It seems to me that when bladder cancer was diagnosed, it changed everything. I had surgery within 36 hours and a cath/bag for 10 days. Then surgery 4 days later. I haven't been at my job since I was diagnosed. I haven't been able to do much of my usual since the pain became great back in December. No sledding down the hills, no bowling, I am not sure I should have a glass of wine anymore. And with all the drs touching "there" then doing unpleasant things ...well that and other aspects have certainly dampened the "honeymoon" time we aught to be having. Normal ain't normal anymore.
Prior to this, I wasn't given to much negative emotional energy either. My son served a tour in Iraq in the Army...that was emotional. He is my only child and I raised him primarily alone. It is hell to get a rare phone call from your son when you hear the gunfire in the background. When he called from Georgia to say he was on US soil - my first breath was different and I relaxed finally. I am waiting for that moment now with this. Does it ever happen. I want to hear "disease free" more than anything.
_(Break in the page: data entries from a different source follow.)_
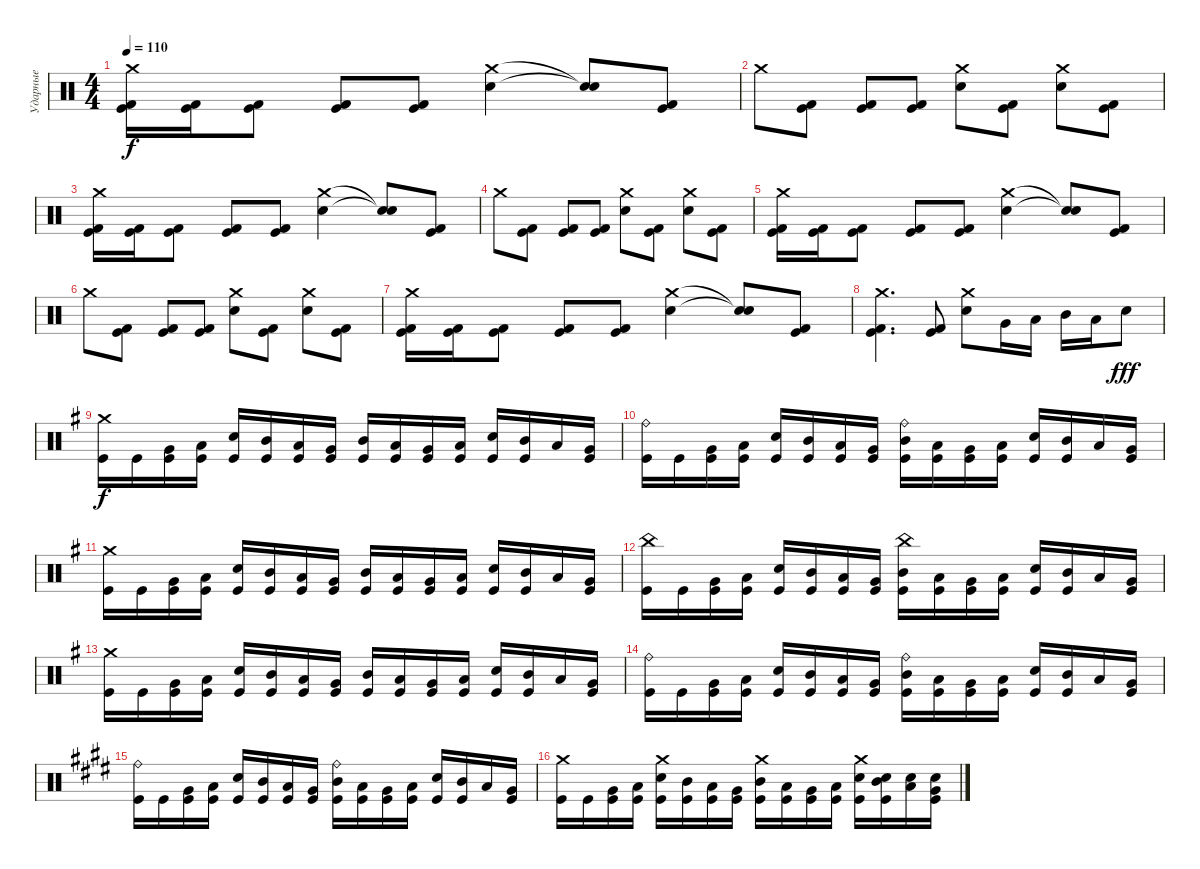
\track ("Ударные" "Ударные") {instrument percussion}
\staff {score}
\articulation defaults
\ts (4 4)
\tempo 110
\clef neutral
\ks c
("Crash medium (hit)" "Kick (hit)" "Kick (hit) 2").16{dy f} ("Kick (hit)" "Kick (hit) 2").16 ("Kick (hit)" "Kick (hit) 2").8 ("Kick (hit)" "Kick (hit) 2").8 ("Kick (hit)" "Kick (hit) 2").8 ("Crash medium (hit)" "Electric Snare (hit)").4 ("Snare (hit)"{t} "Snare (hit)"{t}).8 ("Kick (hit)" "Kick (hit) 2").8 |
"Crash medium (hit)".8 ("Kick (hit)" "Kick (hit) 2").8 ("Kick (hit)" "Kick (hit) 2").8 ("Kick (hit)" "Kick (hit) 2").8 ("Crash medium (hit)" "Electric Snare (hit)").8 ("Kick (hit)" "Kick (hit) 2").8 ("Crash medium (hit)" "Electric Snare (hit)").8 ("Kick (hit)" "Kick (hit) 2").8 |
("Crash medium (hit)" "Kick (hit)" "Kick (hit) 2").16 ("Kick (hit)" "Kick (hit) 2").16 ("Kick (hit)" "Kick (hit) 2").8 ("Kick (hit)" "Kick (hit) 2").8 ("Kick (hit)" "Kick (hit) 2").8 ("Crash medium (hit)" "Electric Snare (hit)").4 ("Snare (hit)"{t} "Snare (hit)"{t}).8 ("Kick (hit)" "Kick (hit) 2").8 |
"Crash medium (hit)".8 ("Kick (hit)" "Kick (hit) 2").8 ("Kick (hit)" "Kick (hit) 2").8 ("Kick (hit)" "Kick (hit) 2").8 ("Crash medium (hit)" "Electric Snare (hit)").8 ("Kick (hit)" "Kick (hit) 2").8 ("Crash medium (hit)" "Electric Snare (hit)").8 ("Kick (hit)" "Kick (hit) 2").8 |
("Crash medium (hit)" "Kick (hit)" "Kick (hit) 2").16 ("Kick (hit)" "Kick (hit) 2").16 ("Kick (hit)" "Kick (hit) 2").8 ("Kick (hit)" "Kick (hit) 2").8 ("Kick (hit)" "Kick (hit) 2").8 ("Crash medium (hit)" "Electric Snare (hit)").4 ("Snare (hit)"{t} "Snare (hit)"{t}).8 ("Kick (hit)" "Kick (hit) 2").8 |
"Crash medium (hit)".8 ("Kick (hit)" "Kick (hit) 2").8 ("Kick (hit)" "Kick (hit) 2").8 ("Kick (hit)" "Kick (hit) 2").8 ("Crash medium (hit)" "Electric Snare (hit)").8 ("Kick (hit)" "Kick (hit) 2").8 ("Crash medium (hit)" "Electric Snare (hit)").8 ("Kick (hit)" "Kick (hit) 2").8 |
("Crash medium (hit)" "Kick (hit)" "Kick (hit) 2").16 ("Kick (hit)" "Kick (hit) 2").16 ("Kick (hit)" "Kick (hit) 2").8 ("Kick (hit)" "Kick (hit) 2").8 ("Kick (hit)" "Kick (hit) 2").8 ("Crash medium (hit)" "Electric Snare (hit)").4 ("Snare (hit)"{t} "Snare (hit)"{t}).8 ("Kick (hit)" "Kick (hit) 2").8 |
("Crash medium (hit)" "Kick (hit)" "Kick (hit) 2").4{d} ("Kick (hit)" "Kick (hit) 2").8 ("Crash medium (hit)" "Electric Snare (hit)").8 "Very Low Tom (hit)".16 "Low Tom (hit)".16 "Mid Tom (hit)".16 "Low Tom (hit)".16 "Electric Snare (hit)".8{dy fff} |
\ks g
("Crash medium (hit)" "Kick (hit)").16{dy f} "Kick (hit)".16 ("Very Low Tom (hit)" "Kick (hit)").16 ("Low Floor Tom (hit)" "Kick (hit)").16 ("Electric Snare (hit)" "Kick (hit)").16 ("Mid Tom (hit)" "Kick (hit)").16 ("Low Tom (hit)" "Kick (hit)").16 ("Very Low Tom (hit)" "Kick (hit)").16 ("Mid Tom (hit)" "Kick (hit)").16 ("Low Tom (hit)" "Kick (hit)").16 ("Very Low Tom (hit)" "Kick (hit)").16 ("Low Floor Tom (hit)" "Kick (hit)").16 ("Electric Snare (hit)" "Kick (hit)").16 ("Mid Tom (hit)" "Kick (hit)").16 "Low Tom (hit)".16 ("Very Low Tom (hit)" "Kick (hit)").16 |
("Ride (bell)" "Kick (hit)").16 "Kick (hit)".16 ("Very Low Tom (hit)" "Kick (hit)").16 ("Low Floor Tom (hit)" "Kick (hit)").16 ("Electric Snare (hit)" "Kick (hit)").16 ("Mid Tom (hit)" "Kick (hit)").16 ("Low Tom (hit)" "Kick (hit)").16 ("Very Low Tom (hit)" "Kick (hit)").16 ("Ride (bell)" "Mid Tom (hit)" "Kick (hit)").16 ("Low Tom (hit)" "Kick (hit)").16 ("Very Low Tom (hit)" "Kick (hit)").16 ("Low Floor Tom (hit)" "Kick (hit)").16 ("Electric Snare (hit)" "Kick (hit)").16 ("Mid Tom (hit)" "Kick (hit)").16 "Low Tom (hit)".16 ("Very Low Tom (hit)" "Kick (hit)").16 |
("Crash medium (hit)" "Kick (hit)").16 "Kick (hit)".16 ("Very Low Tom (hit)" "Kick (hit)").16 ("Low Floor Tom (hit)" "Kick (hit)").16 ("Electric Snare (hit)" "Kick (hit)").16 ("Mid Tom (hit)" "Kick (hit)").16 ("Low Tom (hit)" "Kick (hit)").16 ("Very Low Tom (hit)" "Kick (hit)").16 ("Mid Tom (hit)" "Kick (hit)").16 ("Low Tom (hit)" "Kick (hit)").16 ("Very Low Tom (hit)" "Kick (hit)").16 ("Low Floor Tom (hit)" "Kick (hit)").16 ("Electric Snare (hit)" "Kick (hit)").16 ("Mid Tom (hit)" "Kick (hit)").16 "Low Tom (hit)".16 ("Very Low Tom (hit)" "Kick (hit)").16 |
("China (hit)" "Kick (hit)").16 "Kick (hit)".16 ("Very Low Tom (hit)" "Kick (hit)").16 ("Low Floor Tom (hit)" "Kick (hit)").16 ("Electric Snare (hit)" "Kick (hit)").16 ("Mid Tom (hit)" "Kick (hit)").16 ("Low Tom (hit)" "Kick (hit)").16 ("Very Low Tom (hit)" "Kick (hit)").16 ("China (hit)" "Mid Tom (hit)" "Kick (hit)").16 ("Low Tom (hit)" "Kick (hit)").16 ("Very Low Tom (hit)" "Kick (hit)").16 ("Low Floor Tom (hit)" "Kick (hit)").16 ("Electric Snare (hit)" "Kick (hit)").16 ("Mid Tom (hit)" "Kick (hit)").16 "Low Tom (hit)".16 ("Very Low Tom (hit)" "Kick (hit)").16 |
("Crash medium (hit)" "Kick (hit)").16 "Kick (hit)".16 ("Very Low Tom (hit)" "Kick (hit)").16 ("Low Floor Tom (hit)" "Kick (hit)").16 ("Electric Snare (hit)" "Kick (hit)").16 ("Mid Tom (hit)" "Kick (hit)").16 ("Low Tom (hit)" "Kick (hit)").16 ("Very Low Tom (hit)" "Kick (hit)").16 ("Mid Tom (hit)" "Kick (hit)").16 ("Low Tom (hit)" "Kick (hit)").16 ("Very Low Tom (hit)" "Kick (hit)").16 ("Low Floor Tom (hit)" "Kick (hit)").16 ("Electric Snare (hit)" "Kick (hit)").16 ("Mid Tom (hit)" "Kick (hit)").16 "Low Tom (hit)".16 ("Very Low Tom (hit)" "Kick (hit)").16 |
("Ride (bell)" "Kick (hit)").16 "Kick (hit)".16 ("Very Low Tom (hit)" "Kick (hit)").16 ("Low Floor Tom (hit)" "Kick (hit)").16 ("Electric Snare (hit)" "Kick (hit)").16 ("Mid Tom (hit)" "Kick (hit)").16 ("Low Tom (hit)" "Kick (hit)").16 ("Very Low Tom (hit)" "Kick (hit)").16 ("Ride (bell)" "Mid Tom (hit)" "Kick (hit)").16 ("Low Tom (hit)" "Kick (hit)").16 ("Very Low Tom (hit)" "Kick (hit)").16 ("Low Floor Tom (hit)" "Kick (hit)").16 ("Electric Snare (hit)" "Kick (hit)").16 ("Mid Tom (hit)" "Kick (hit)").16 "Low Tom (hit)".16 ("Very Low Tom (hit)" "Kick (hit)").16 |
\ks e
("Ride (bell)" "Kick (hit)").16 "Kick (hit)".16 ("Very Low Tom (hit)" "Kick (hit)").16 ("Low Floor Tom (hit)" "Kick (hit)").16 ("Electric Snare (hit)" "Kick (hit)").16 ("Mid Tom (hit)" "Kick (hit)").16 ("Low Tom (hit)" "Kick (hit)").16 ("Very Low Tom (hit)" "Kick (hit)").16 ("Ride (bell)" "Mid Tom (hit)" "Kick (hit)").16 ("Low Tom (hit)" "Kick (hit)").16 ("Very Low Tom (hit)" "Kick (hit)").16 ("Low Floor Tom (hit)" "Kick (hit)").16 ("Electric Snare (hit)" "Kick (hit)").16 ("Mid Tom (hit)" "Kick (hit)").16 "Low Tom (hit)".16 ("Very Low Tom (hit)" "Kick (hit)").16 |
("Crash medium (hit)" "Kick (hit)").16 "Kick (hit)".16 ("Very Low Tom (hit)" "Kick (hit)").16 ("Low Floor Tom (hit)" "Kick (hit)").16 ("Crash medium (hit)" "Electric Snare (hit)" "Kick (hit)").16 ("Mid Tom (hit)" "Kick (hit)").16 ("Low Tom (hit)" "Kick (hit)").16 ("Very Low Tom (hit)" "Kick (hit)").16 ("Crash medium (hit)" "Mid Tom (hit)" "Kick (hit)").16 ("Low Tom (hit)" "Kick (hit)").16 ("Very Low Tom (hit)" "Kick (hit)").16 ("Low Floor Tom (hit)" "Kick (hit)").16 ("Crash medium (hit)" "Electric Snare (hit)" "Kick (hit)").16 ("Electric Snare (hit)" "Mid Tom (hit)" "Kick (hit)").16 ("Electric Snare (hit)" "Low Tom (hit)").16 ("Electric Snare (hit)" "Very Low Tom (hit)" "Kick (hit)").16

To focus on the positive, I think this has prompted people close to me to drop the petty stuff. My Mom and I are finally getting on better. She is not focusing on what she wants to change about me - never thought that would happen EVER lol. And I can clearly see the "angels and the bolters" ...it is an amazing revalation on relationships. One friend I have had for 14-15 years - I have even been the gaurdian for her son - bolted and has distanced herself so far and so fast. I was so suprised.
Well, today is the bone scan and chest CT...I thought I would have to put on my big girl panties and do it by myself...Hubby decided to go in early to work then meet me to just be with me there
I knew our love was of substance before we wed, but the bond being made as we face this together makes me sure we can stand against anything. Hubby is also going to call today to get answers from the Dr. He is an electrical engineer and feels he will less likely to get put off by the nurses because he deals with ruffled feathers frequently.
By the way, the English here may have a different way of handling all this emotional cancer stuff...but I sure think you are AOK in my book
Thanks for sharing and being so compassionate as always and God Bless you all.